Hannibal Hamlin

Hannibal Hamlin.jpg

Title

Hannibal Hamlin

Description

The most famous story connected with Molly Ockett's healing powers has to do with her cure of the infant Hannibal Hamlin, who was born at Paris Hill, Maine, on August 27, 1809, and who later became Lincoln's first vice-president. During the winter of 1809-10, Molly Ockett was traveling through the town of Paris, some twenty miles south of Bethel, when, in foul weather, she sought shelter with the white residents at Snow's Falls. According to oral tradition, she was turned away, whereupon she uttered a curse on the place, said to be responsible for the lack of success of subsequent business enterprises in that neighborhood.

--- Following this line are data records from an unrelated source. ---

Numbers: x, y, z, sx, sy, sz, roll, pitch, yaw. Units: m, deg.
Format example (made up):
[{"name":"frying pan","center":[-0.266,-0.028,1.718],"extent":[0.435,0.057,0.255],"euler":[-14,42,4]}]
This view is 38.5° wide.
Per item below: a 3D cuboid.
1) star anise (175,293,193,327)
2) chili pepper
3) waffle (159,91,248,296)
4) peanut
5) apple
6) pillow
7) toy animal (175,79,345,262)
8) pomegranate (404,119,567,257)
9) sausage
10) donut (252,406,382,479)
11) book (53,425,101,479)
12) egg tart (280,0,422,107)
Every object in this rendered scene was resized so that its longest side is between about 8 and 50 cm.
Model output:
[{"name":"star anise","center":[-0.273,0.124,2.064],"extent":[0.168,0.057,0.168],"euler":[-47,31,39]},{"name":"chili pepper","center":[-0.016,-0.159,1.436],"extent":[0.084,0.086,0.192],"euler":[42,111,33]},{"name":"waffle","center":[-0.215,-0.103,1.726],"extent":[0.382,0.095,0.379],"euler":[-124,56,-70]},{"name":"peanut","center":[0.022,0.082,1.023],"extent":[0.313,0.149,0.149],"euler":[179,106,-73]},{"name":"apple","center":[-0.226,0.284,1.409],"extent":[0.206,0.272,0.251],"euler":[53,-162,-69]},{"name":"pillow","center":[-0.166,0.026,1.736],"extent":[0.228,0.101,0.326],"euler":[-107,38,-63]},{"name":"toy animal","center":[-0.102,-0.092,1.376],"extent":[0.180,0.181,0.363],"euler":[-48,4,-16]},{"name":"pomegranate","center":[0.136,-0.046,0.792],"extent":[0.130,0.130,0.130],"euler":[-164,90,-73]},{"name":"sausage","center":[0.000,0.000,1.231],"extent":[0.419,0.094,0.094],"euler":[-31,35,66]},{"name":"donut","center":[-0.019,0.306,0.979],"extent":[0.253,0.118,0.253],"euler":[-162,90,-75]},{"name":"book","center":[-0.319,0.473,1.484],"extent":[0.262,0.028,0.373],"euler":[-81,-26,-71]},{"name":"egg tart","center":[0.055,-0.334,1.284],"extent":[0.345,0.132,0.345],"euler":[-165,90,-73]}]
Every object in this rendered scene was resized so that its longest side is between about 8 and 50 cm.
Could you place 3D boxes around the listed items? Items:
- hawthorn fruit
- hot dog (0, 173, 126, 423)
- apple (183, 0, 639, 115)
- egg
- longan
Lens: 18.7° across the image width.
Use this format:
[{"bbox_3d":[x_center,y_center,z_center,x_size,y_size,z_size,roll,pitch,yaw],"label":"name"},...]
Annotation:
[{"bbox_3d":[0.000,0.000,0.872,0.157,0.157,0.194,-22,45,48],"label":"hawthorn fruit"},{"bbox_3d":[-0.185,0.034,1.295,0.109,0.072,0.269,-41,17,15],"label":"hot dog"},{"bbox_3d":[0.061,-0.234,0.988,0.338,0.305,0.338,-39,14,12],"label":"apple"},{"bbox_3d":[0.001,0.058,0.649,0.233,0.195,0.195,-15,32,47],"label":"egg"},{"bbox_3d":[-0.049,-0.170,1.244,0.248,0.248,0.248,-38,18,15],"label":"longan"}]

Molly Ockett struggled along to the village of Paris Hill, where she was welcomed into the home of Dr. Cyrus Hamlin and his wife, Anna Livermore Hamlin. Returning later that spring, she found Mrs. Hamlin "sitting in her doorway one day, rocking her feeble infant." Molly Ockett "looked at the child very intently . . . and then said with great earnestness, 'You give papoose milk warm from cow, or he die.'" The infant, Hannibal Hamlin, "thrived with great rapidity" in response to this treatment, and Molly Ockett was thus able to repay the Hamlins for their earlier kindness.